Closeness and Residual Closeness of Harary Graphs
For graph theorists and network analysts, this work offers closed-form expressions for two vulnerability parameters on a specific class of graphs, but it is an incremental contribution as it applies existing definitions to a known graph family.
This paper computes the closeness and vertex residual closeness parameters for Harary graphs, which are k-connected graphs with minimal edges. The results provide exact formulas for these vulnerability metrics.
Analysis of a network in terms of vulnerability is one of the most significant problems. Graph theory serves as a valuable tool for solving complex network problems, and there exist numerous graph-theoretic parameters to analyze the system's stability.
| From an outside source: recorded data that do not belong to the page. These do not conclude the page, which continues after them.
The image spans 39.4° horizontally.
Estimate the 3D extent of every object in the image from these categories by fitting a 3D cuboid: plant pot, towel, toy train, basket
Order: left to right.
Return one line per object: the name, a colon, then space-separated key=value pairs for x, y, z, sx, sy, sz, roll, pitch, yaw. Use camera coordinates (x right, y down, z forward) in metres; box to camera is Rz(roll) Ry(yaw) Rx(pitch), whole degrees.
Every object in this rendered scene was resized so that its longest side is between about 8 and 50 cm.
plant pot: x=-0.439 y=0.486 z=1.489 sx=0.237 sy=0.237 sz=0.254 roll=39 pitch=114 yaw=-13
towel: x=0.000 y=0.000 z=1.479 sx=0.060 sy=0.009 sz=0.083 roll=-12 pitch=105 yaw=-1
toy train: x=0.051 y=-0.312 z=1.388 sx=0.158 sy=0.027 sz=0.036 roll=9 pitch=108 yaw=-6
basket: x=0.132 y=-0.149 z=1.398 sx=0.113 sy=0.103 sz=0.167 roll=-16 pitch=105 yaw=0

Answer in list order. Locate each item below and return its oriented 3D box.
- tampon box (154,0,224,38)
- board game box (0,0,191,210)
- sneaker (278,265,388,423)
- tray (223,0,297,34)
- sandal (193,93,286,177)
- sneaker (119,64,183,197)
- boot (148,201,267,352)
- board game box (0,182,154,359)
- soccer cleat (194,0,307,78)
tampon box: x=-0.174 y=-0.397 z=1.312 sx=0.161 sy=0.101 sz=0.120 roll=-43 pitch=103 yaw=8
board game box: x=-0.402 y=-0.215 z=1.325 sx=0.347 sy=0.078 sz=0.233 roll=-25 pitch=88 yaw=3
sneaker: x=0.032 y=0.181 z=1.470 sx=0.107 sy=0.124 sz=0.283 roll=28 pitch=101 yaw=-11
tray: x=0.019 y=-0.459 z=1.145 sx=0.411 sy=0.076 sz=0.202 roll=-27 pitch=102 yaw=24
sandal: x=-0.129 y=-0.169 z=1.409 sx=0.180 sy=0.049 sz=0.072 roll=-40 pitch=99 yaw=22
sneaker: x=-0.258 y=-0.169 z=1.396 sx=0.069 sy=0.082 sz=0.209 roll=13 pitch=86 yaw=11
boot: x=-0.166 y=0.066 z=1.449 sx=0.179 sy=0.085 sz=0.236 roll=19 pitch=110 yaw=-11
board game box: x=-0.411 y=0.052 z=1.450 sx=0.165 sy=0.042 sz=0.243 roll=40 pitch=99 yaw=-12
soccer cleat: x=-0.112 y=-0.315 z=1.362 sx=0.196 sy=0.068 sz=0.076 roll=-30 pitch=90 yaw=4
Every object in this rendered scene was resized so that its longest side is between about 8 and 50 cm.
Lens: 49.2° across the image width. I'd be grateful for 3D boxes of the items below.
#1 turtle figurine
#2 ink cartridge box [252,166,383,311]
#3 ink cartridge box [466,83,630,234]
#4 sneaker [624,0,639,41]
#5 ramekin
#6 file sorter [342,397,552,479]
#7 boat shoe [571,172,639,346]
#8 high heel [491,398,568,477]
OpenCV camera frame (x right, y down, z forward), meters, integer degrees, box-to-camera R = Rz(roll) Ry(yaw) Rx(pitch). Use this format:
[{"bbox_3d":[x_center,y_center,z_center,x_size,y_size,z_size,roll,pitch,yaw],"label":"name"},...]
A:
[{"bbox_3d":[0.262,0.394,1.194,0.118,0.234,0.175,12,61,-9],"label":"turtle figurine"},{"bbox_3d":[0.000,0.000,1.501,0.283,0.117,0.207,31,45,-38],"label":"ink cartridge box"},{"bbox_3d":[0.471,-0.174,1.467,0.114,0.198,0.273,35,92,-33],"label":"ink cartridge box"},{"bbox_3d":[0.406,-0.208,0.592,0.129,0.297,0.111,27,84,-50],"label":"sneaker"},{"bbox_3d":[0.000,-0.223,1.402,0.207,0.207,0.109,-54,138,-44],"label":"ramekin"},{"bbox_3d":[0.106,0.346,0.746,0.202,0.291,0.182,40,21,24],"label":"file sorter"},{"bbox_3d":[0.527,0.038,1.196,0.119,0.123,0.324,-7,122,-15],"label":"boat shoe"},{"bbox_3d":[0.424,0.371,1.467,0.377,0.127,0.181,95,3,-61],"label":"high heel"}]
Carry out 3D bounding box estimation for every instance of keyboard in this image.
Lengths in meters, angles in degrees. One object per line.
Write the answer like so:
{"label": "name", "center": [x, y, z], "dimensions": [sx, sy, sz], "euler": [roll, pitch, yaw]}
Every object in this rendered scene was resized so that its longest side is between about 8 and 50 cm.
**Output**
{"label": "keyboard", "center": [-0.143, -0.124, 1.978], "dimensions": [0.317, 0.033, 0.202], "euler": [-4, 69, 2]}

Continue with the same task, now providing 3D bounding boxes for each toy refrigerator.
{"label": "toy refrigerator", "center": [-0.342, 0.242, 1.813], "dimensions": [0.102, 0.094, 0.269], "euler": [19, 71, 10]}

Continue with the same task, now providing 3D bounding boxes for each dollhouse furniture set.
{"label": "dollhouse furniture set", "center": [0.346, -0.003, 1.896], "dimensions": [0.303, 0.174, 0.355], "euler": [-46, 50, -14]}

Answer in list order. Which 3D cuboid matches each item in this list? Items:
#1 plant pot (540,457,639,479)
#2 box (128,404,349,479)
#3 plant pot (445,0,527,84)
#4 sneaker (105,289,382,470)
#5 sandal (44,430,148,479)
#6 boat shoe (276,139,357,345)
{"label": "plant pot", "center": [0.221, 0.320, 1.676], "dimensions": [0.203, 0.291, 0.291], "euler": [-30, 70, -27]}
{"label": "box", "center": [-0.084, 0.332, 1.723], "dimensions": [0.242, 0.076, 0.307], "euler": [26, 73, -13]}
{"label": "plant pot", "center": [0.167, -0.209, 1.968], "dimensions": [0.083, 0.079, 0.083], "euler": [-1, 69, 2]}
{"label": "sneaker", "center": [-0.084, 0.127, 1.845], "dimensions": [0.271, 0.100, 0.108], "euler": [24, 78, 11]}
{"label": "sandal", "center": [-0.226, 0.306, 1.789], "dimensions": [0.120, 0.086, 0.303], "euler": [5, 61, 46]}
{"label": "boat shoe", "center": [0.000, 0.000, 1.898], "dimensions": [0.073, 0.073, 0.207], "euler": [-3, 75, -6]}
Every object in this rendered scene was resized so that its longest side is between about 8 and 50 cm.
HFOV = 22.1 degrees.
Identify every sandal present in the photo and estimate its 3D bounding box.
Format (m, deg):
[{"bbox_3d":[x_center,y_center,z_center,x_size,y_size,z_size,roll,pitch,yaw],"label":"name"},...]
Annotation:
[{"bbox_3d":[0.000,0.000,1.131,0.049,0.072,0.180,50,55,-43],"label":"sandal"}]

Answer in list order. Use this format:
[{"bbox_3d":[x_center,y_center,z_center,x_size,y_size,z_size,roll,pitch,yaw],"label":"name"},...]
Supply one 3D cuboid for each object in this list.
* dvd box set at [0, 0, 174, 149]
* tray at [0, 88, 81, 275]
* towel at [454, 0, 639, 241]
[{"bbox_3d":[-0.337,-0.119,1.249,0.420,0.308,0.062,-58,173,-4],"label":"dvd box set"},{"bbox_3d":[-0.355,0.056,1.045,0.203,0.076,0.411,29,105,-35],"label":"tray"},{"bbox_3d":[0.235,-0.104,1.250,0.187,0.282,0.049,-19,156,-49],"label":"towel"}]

Among these parameters, the closeness parameter stands out as one of the most commonly used vulnerability metrics. Its definition has evolved to enhance the ease of formulation and applicability to disconnected structures. Furthermore, based on the closeness parameter, vertex residual closeness, which is a newer and more sensitive parameter compared to other existing parameters, has been introduced as a new graph vulnerability index by Dangalchev. In this study, the outcomes of the closeness and vertex residual closeness parameters in Harary Graphs have been examined. Harary Graphs are well-known constructs that are distinguished by having $n$ vertices that are $k$-connected with the least possible number of edges.